Before I had even started to shave, I had a dozen papers published in scientific journals, all having to do with the nature of time. Time travel became my ambition and I was sure I saw a way to build a time machine. But it took years to work out the details, and nobody seemed interested in my work, so I had to do it all myself. Somehow I stopped working long enough to get a wife, and we had to eat. So we ran this little hash house and lived in the back room, and at least we got our food wholesale.

And Johnson’s uncle fell down the cellar stairs and split his skull open. So Johnson became the owner of a thriving business after giving his uncle a simple funeral, because he knew his uncle wouldn’t have wanted him to waste any more money on that than he had to.

“But we have a time machine,” Marilyn said fondly. “That’s something Johnson would give us a lot on--if it worked.”

“We almost have a time machine,” I said, looking around at my life’s work. Our kitchen was the time machine, with a great winding of wires around it to create the field I had devised. The doors had been a problem that I solved by making them into switches, so that when they were closed the coils made the complete circuit of the room.

“Almost,” I repeated. “After twenty years of work, I am through except for a few small items--”

I looked at her pleadingly.

“It will run about twenty dollars. Do you think--?”

She didn’t care much for the idea, but finally she slid off the wedding ring.

“You’ll redeem this first thing, Ted? Before any of the rest of the stuff?”

I promised and took off at a dead run.

Johnson didn’t have to inspect the ring; he’d seen it before, and he counted out twenty dollars. That was the only item he’d give me a decent price on. He knew I’d be back for it.

“How’s the time machine coming along, Ted?” He had a little smirk, the way some people do when they hear I’m building a time machine. “Get in touch with Mars yet?”

“I have no interest in Mars,” I told him. “I plan to make contact with the future--about thirty years from now. And for your information, the time machine is practically finished. The first test will be tonight.”

He wasn’t smirking now, because he never forgot the way I passed him in school and he had a good respect for my brain. He looked a little thoughtful--only a little, because that’s all he was capable of.

“You get to the future, Ted, suppose you bring me a newspaper. I’ll make it worth your while. I’ve always treated you fair and square, Ted, now haven’t I?”

I looked over his shelves. Too many of those dust-covered items were mine. And I didn’t have to be a telepath to know what he was thinking.

“Maybe you’d like a paper with the stock market quotations, Uncle? From about thirty years from now, say?”

The smirk was completely gone now. “You get something like that, Ted, I’ll pay you! Wouldn’t help you out any, because you have nothing to invest. Me now, I could buy something that will keep me in my old age. I’d give you a--hundred bucks for something like that.”

I laughed at him.
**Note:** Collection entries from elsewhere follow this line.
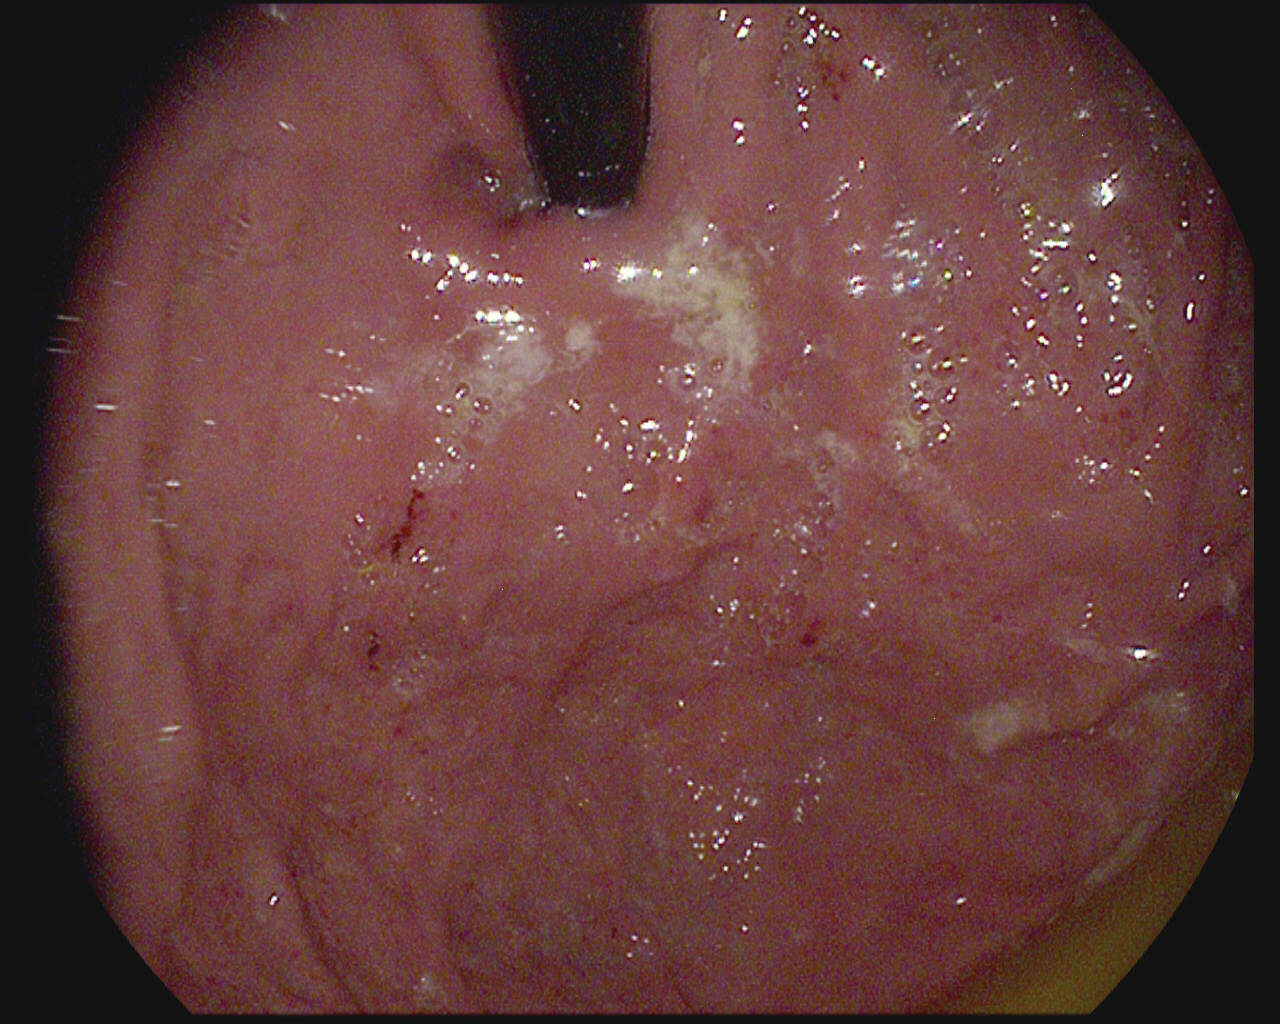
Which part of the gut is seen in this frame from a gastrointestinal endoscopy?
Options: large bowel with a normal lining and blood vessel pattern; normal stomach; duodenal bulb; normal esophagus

normal stomach
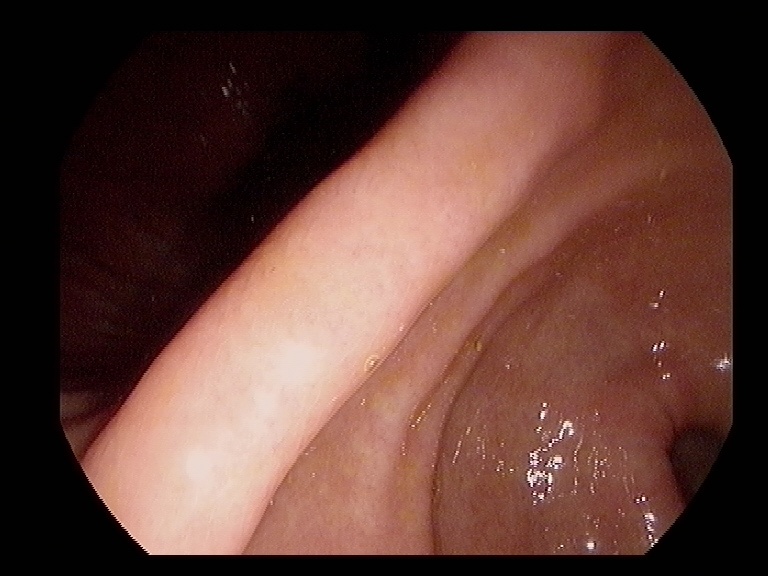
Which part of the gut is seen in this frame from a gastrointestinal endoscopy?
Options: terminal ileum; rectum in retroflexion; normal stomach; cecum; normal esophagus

normal stomach
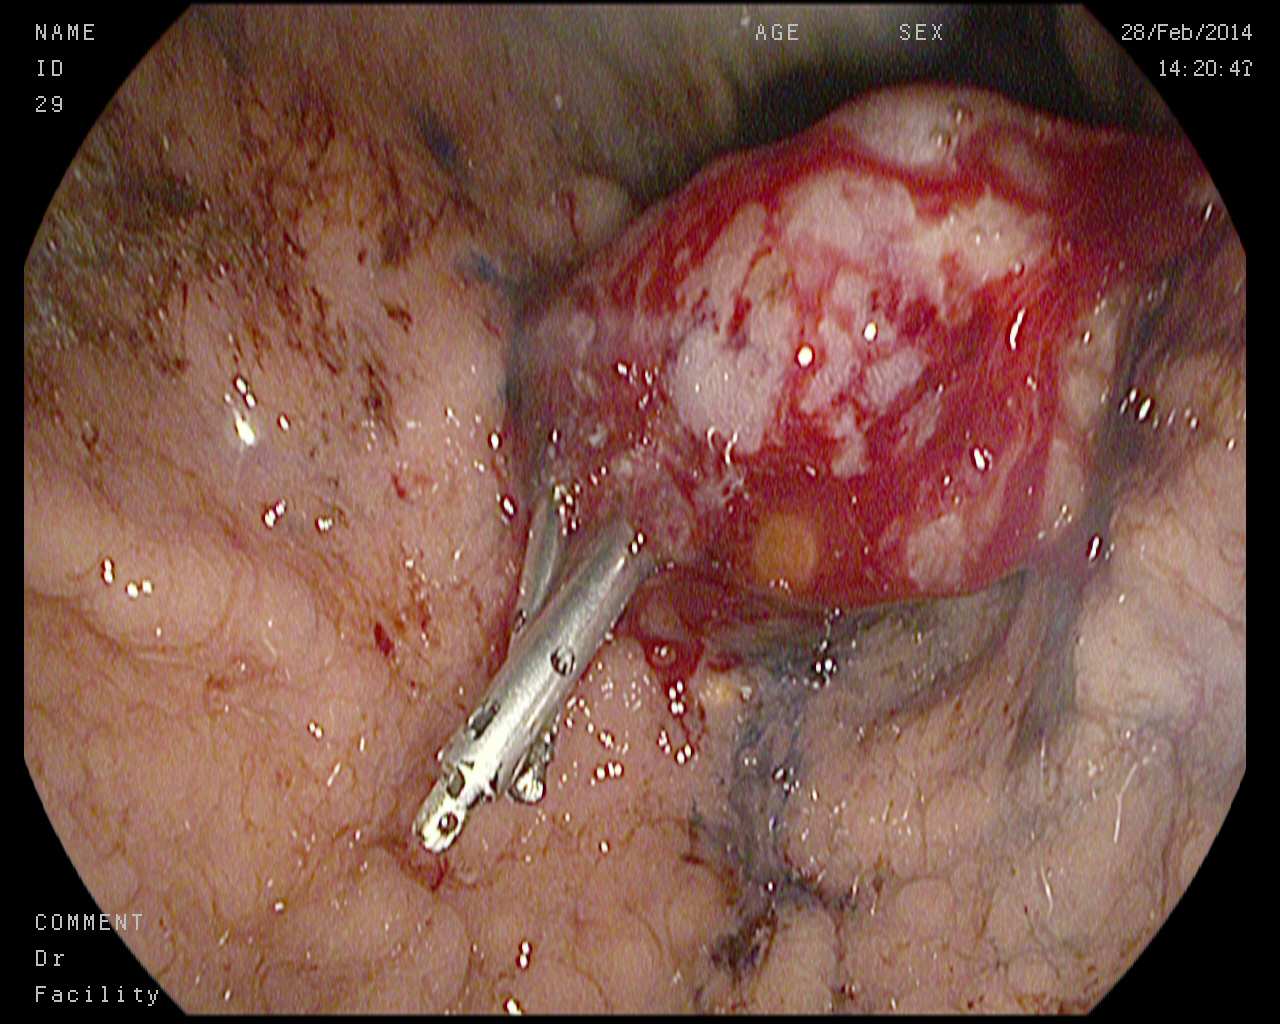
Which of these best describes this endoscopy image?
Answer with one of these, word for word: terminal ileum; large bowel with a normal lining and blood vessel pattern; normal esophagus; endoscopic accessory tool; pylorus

endoscopic accessory tool

A hundred dollars! Uncle always had his nerve. He was scowling when I left, still trying to figure how he could get in on the gravy, because outside of Marilyn he was the only person who ever thought I might succeed.

Marilyn cooked dinner for us while I was putting the final touches on the time machine.

“Tonight we celebrate,” she said. “Steak.”

It smelled wonderful, but the occasional whiff of ozone from my equipment was more exciting. I’d told Marilyn we had about an hour before I could make the test, but with my working faster than I had expected and her getting behind with the meal, she was just putting the steaks on the table when I was done with the machine.

“Oh, but let’s eat first, Ted!” she said.

“I couldn’t eat! After so much work--” I stared in fascination at the master switch--the door. “This is it, Marilyn! What I’ve been working toward all these years!”

She saw the way I felt and maybe she was a little excited herself.

“Go ahead, Ted,” she told me.

I closed the door.

There was more ozone and a blurring in the middle of the room. We stepped away from the thickest of the blurring, where something seemed to be gathering substance.

The something, we soon saw, was a man sitting in a chair surrounded by strange apparatus, most of which I couldn’t guess the purpose of. It was a very young man, when I could see him better, probably nineteen, wearing bright clothes in what I figured must be the style of 1989.

“Man-o!” he said. “This time machine is low Fahrenheit, o-daddy! Right to the bottom! It’s the deepest!”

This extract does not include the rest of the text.